→ **WHAT IS BEING ASKED**
Return nothing but the lines from the one with "Work item: oriented" through the one with "notebook -> -0.512, 0.072, 1.108" in the data below, word for word and without pictures.

Dataset records:
=== Begin Enclosure ===
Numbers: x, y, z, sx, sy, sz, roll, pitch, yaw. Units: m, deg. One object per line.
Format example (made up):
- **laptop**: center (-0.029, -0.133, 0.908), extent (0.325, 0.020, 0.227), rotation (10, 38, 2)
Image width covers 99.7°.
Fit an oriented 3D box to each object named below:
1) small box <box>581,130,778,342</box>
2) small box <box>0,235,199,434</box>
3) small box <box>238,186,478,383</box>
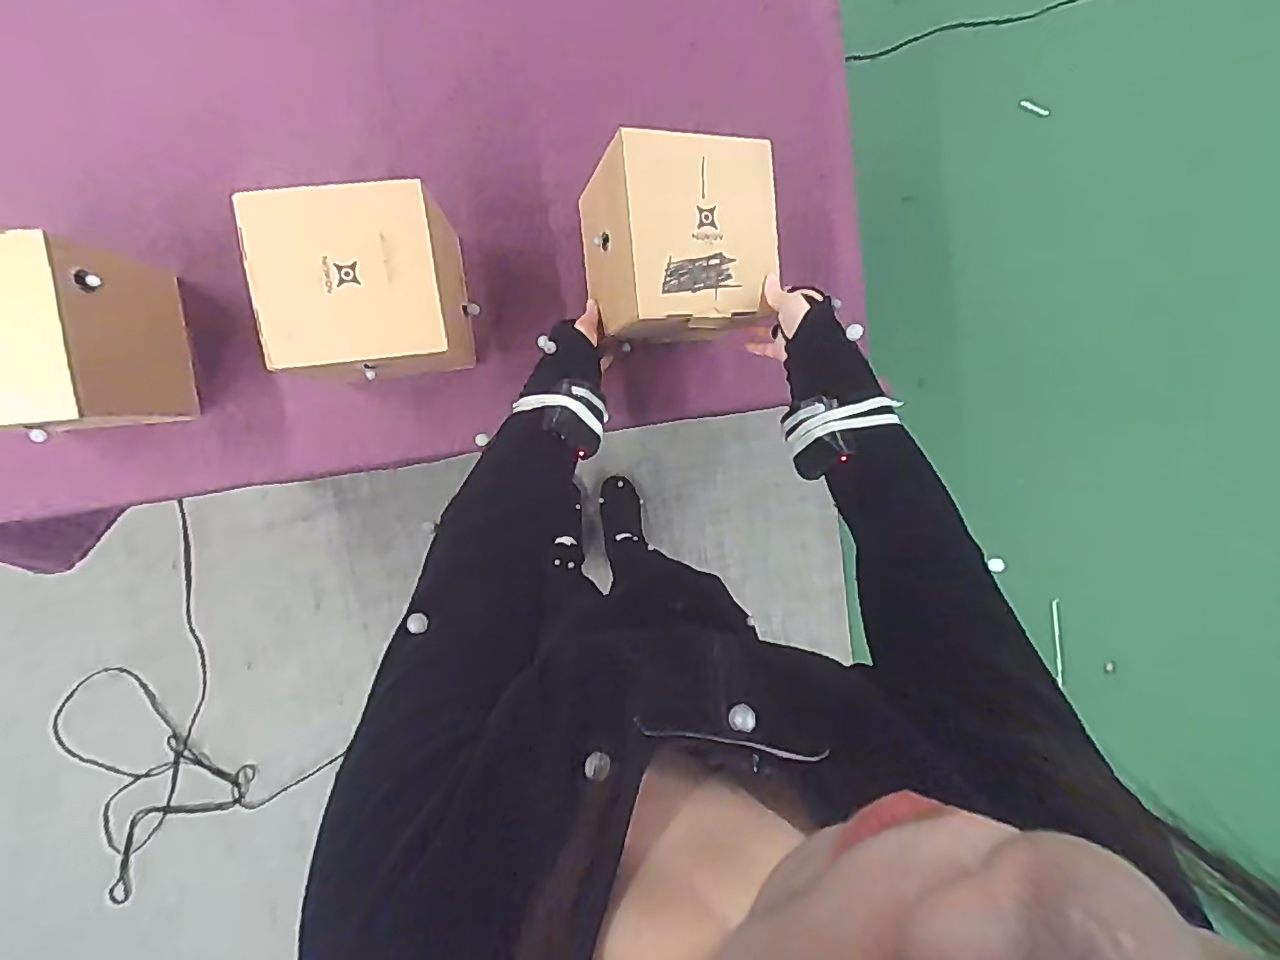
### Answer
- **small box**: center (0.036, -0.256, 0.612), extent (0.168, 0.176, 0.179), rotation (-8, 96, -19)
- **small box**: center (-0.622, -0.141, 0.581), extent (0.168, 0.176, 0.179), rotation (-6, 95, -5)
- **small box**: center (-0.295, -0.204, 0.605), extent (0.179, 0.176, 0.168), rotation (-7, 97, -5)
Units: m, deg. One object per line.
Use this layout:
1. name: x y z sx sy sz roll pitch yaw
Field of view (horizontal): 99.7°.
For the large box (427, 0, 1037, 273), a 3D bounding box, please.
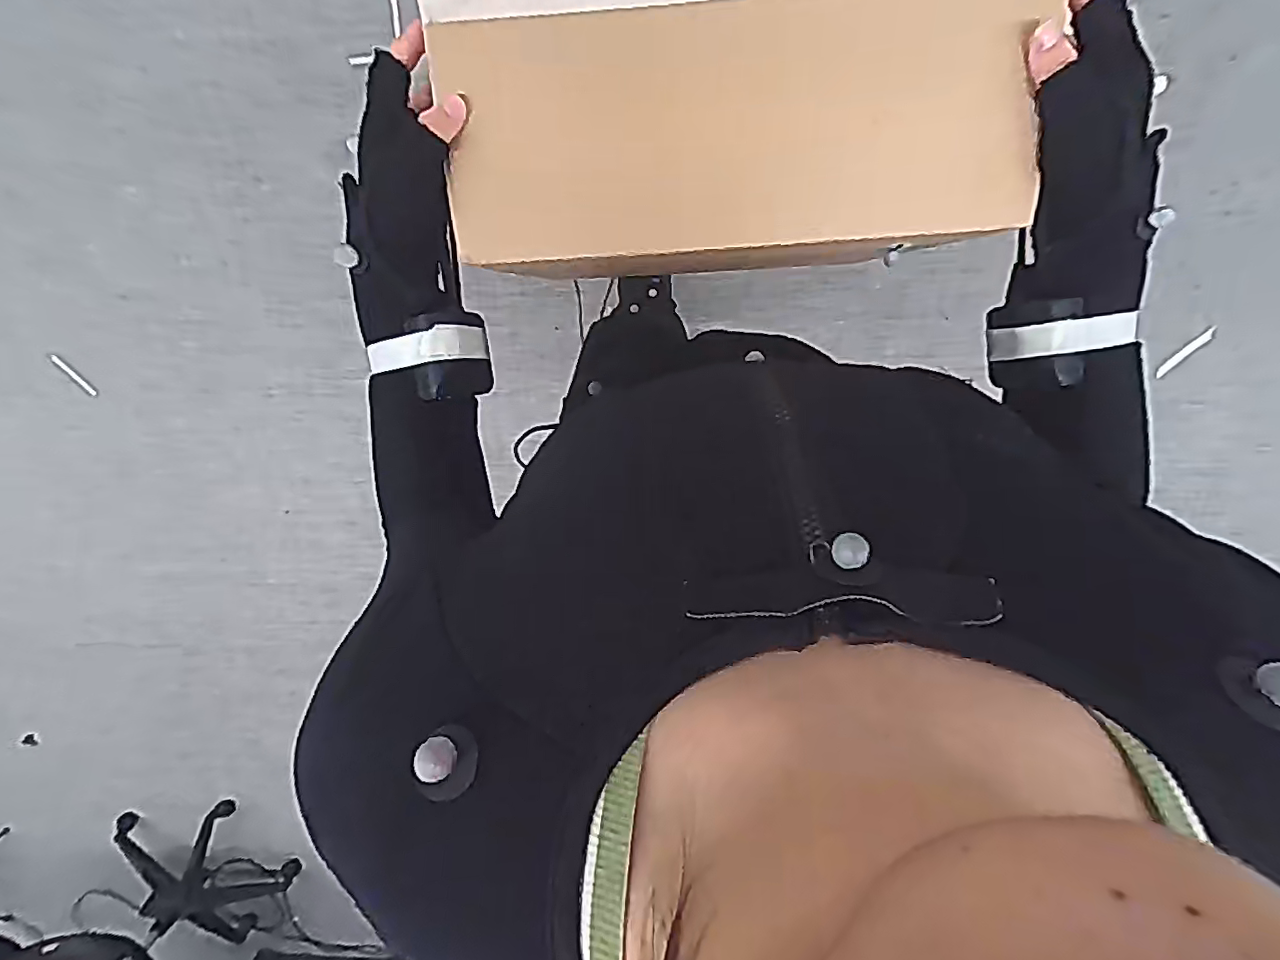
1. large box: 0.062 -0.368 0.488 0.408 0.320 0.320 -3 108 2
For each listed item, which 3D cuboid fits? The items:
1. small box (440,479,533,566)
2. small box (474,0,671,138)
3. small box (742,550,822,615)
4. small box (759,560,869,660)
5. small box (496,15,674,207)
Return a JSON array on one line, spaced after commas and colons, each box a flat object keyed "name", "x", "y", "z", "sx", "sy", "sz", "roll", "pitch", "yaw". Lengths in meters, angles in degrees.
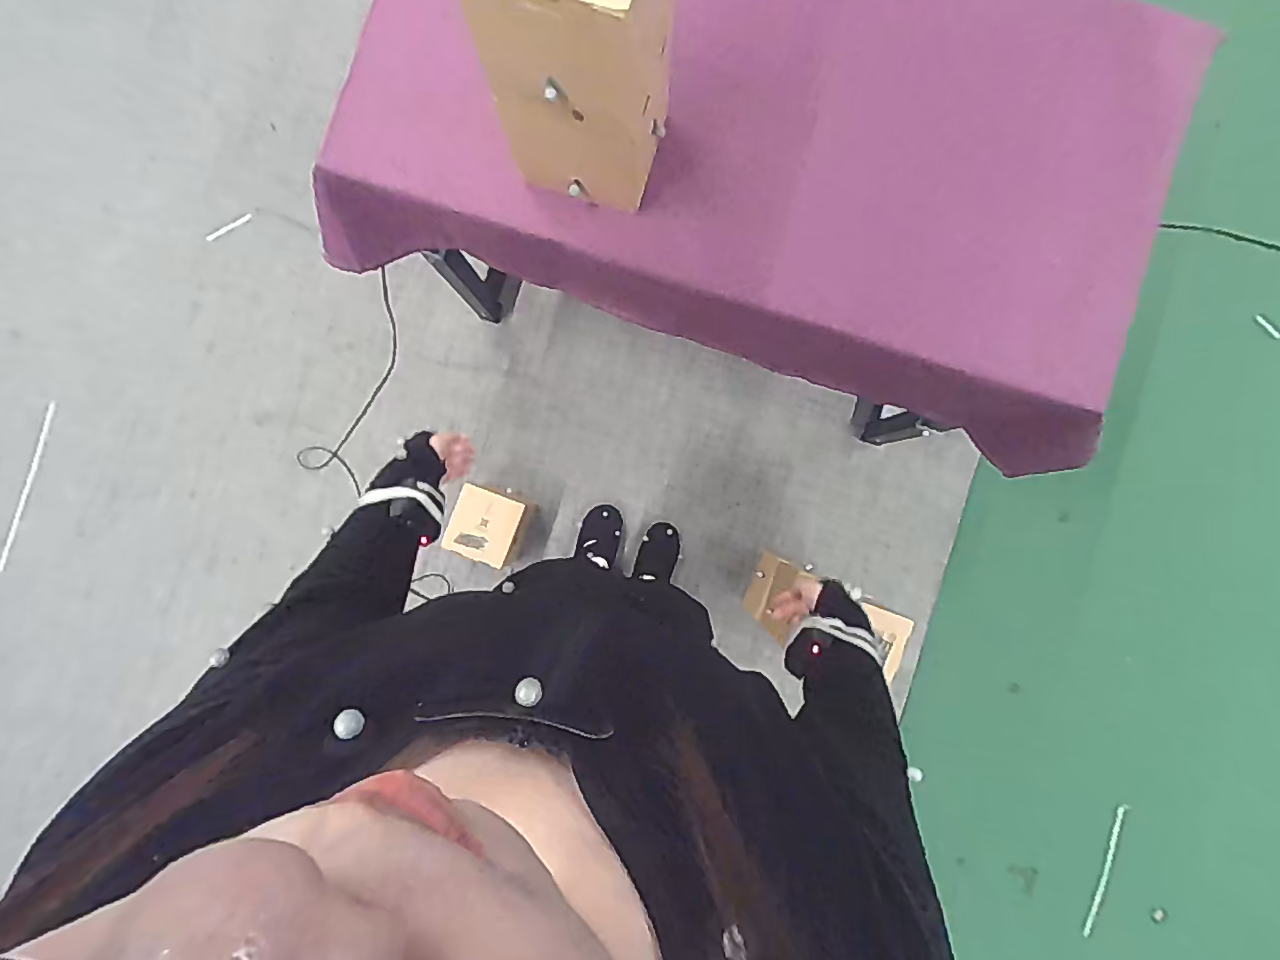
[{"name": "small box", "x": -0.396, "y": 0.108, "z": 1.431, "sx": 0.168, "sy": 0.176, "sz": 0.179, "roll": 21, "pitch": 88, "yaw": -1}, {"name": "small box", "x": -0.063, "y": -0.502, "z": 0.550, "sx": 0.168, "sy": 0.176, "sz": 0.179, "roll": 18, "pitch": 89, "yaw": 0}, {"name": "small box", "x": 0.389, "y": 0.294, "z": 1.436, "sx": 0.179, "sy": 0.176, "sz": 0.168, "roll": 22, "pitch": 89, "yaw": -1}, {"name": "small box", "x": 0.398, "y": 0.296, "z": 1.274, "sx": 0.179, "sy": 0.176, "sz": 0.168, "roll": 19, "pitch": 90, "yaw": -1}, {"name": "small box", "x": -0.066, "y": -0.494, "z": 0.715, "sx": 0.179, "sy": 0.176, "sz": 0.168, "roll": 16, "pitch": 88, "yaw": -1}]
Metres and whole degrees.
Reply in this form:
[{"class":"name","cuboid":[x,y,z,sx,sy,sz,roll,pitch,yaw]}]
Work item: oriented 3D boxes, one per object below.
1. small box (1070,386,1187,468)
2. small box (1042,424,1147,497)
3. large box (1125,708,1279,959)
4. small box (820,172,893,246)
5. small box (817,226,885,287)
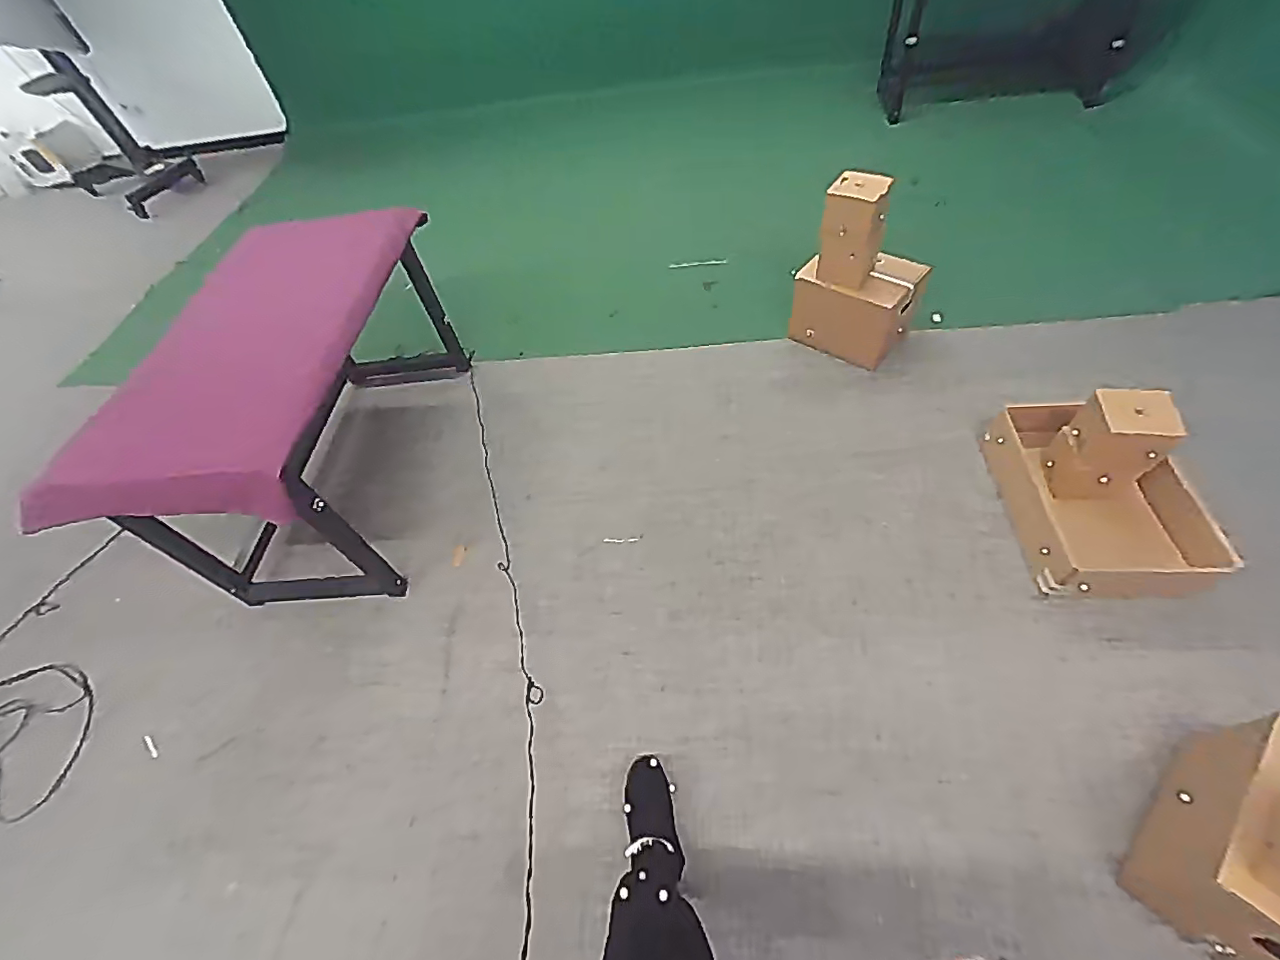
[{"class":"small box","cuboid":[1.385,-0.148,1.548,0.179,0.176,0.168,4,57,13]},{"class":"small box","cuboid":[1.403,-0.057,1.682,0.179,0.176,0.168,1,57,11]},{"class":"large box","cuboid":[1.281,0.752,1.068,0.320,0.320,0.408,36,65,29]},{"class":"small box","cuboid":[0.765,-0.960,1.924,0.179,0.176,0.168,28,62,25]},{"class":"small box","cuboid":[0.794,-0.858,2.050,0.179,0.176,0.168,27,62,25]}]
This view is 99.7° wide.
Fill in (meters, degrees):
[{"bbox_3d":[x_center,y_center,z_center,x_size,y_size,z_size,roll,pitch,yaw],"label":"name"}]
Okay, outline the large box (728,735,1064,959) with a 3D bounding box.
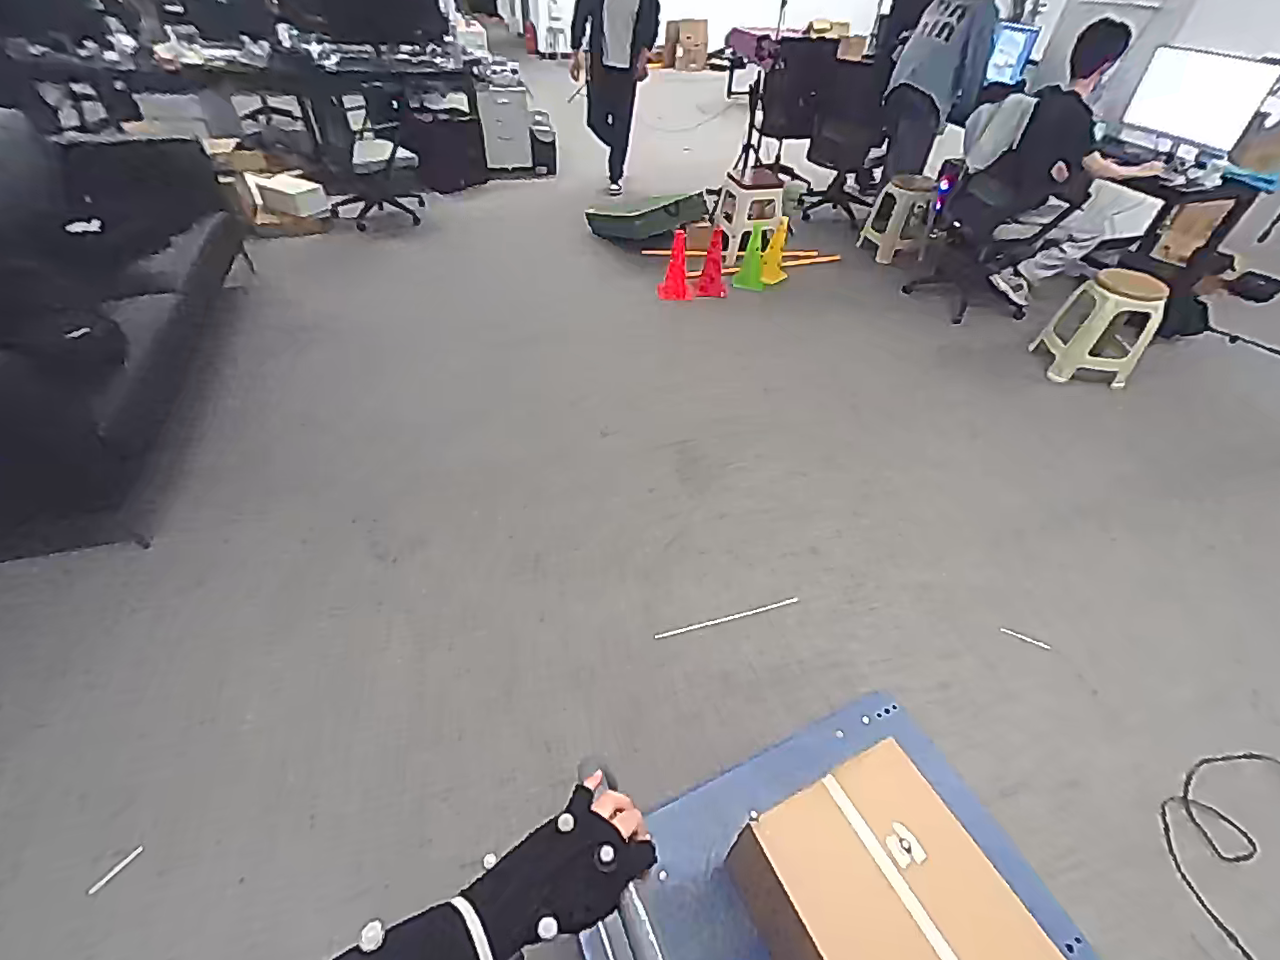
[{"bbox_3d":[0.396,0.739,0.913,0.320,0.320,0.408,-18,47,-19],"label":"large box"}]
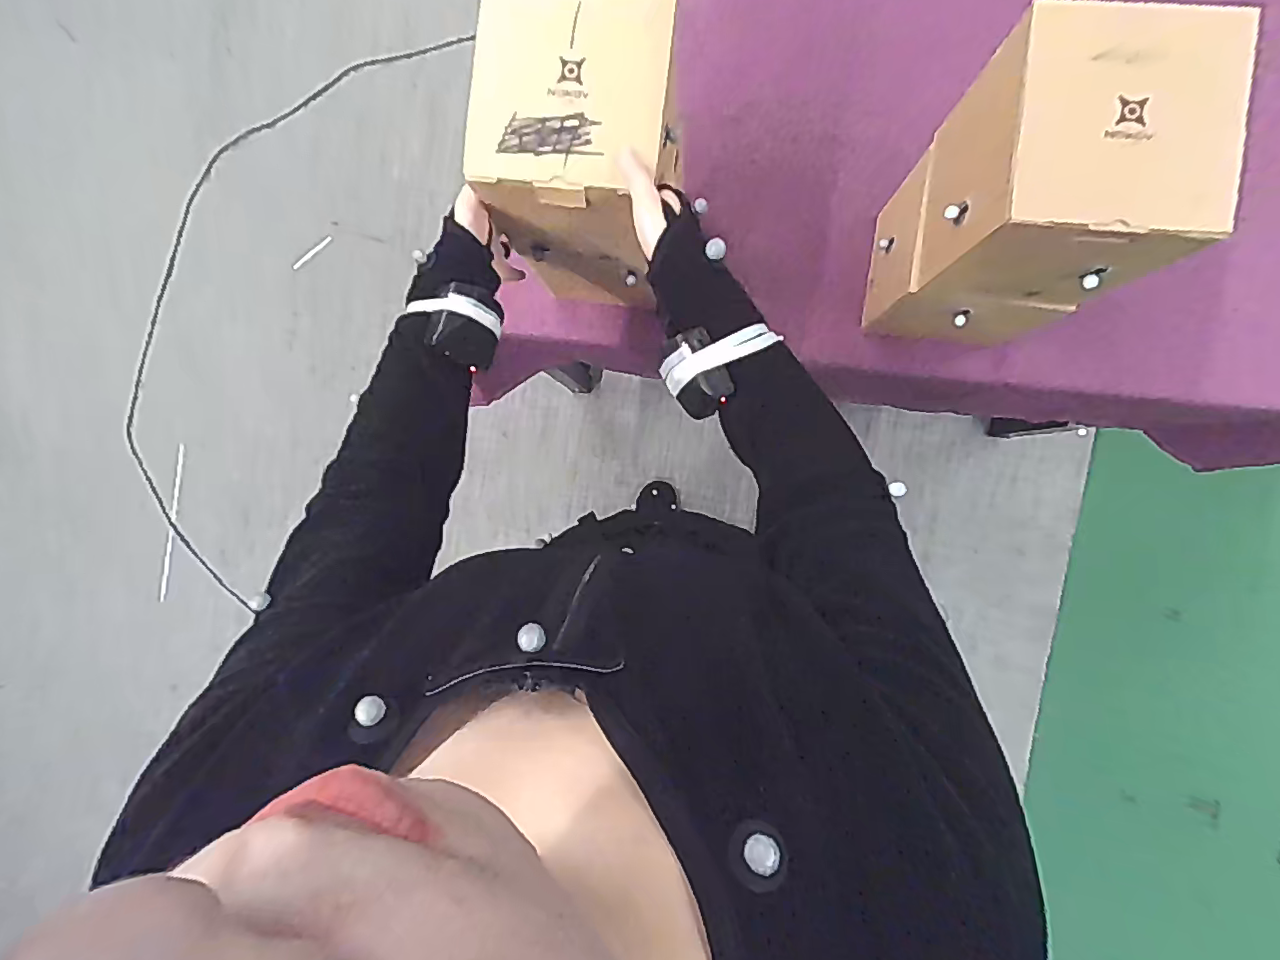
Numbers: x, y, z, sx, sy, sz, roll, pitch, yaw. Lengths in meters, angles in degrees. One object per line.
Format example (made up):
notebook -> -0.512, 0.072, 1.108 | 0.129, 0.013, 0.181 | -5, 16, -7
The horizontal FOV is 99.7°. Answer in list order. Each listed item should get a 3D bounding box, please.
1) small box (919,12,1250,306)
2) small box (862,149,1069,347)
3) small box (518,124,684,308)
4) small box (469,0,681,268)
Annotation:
=== End Enclosure ===
→ **SOLUTION TO THIS EXERCISE**
Work item: oriented 3D boxes, one per object below.
1. small box (1070,386,1187,468)
2. small box (1042,424,1147,497)
3. large box (1125,708,1279,959)
4. small box (820,172,893,246)
5. small box (817,226,885,287)
[{"class":"small box","cuboid":[1.385,-0.148,1.548,0.179,0.176,0.168,4,57,13]},{"class":"small box","cuboid":[1.403,-0.057,1.682,0.179,0.176,0.168,1,57,11]},{"class":"large box","cuboid":[1.281,0.752,1.068,0.320,0.320,0.408,36,65,29]},{"class":"small box","cuboid":[0.765,-0.960,1.924,0.179,0.176,0.168,28,62,25]},{"class":"small box","cuboid":[0.794,-0.858,2.050,0.179,0.176,0.168,27,62,25]}]
This view is 99.7° wide.
Fill in (meters, degrees):
[{"bbox_3d":[x_center,y_center,z_center,x_size,y_size,z_size,roll,pitch,yaw],"label":"name"}]
Okay, outline the large box (728,735,1064,959) with a 3D bounding box.
[{"bbox_3d":[0.396,0.739,0.913,0.320,0.320,0.408,-18,47,-19],"label":"large box"}]
Numbers: x, y, z, sx, sy, sz, roll, pitch, yaw. Lengths in meters, angles in degrees. One object per line.
Format example (made up):
notebook -> -0.512, 0.072, 1.108 | 0.129, 0.013, 0.181 | -5, 16, -7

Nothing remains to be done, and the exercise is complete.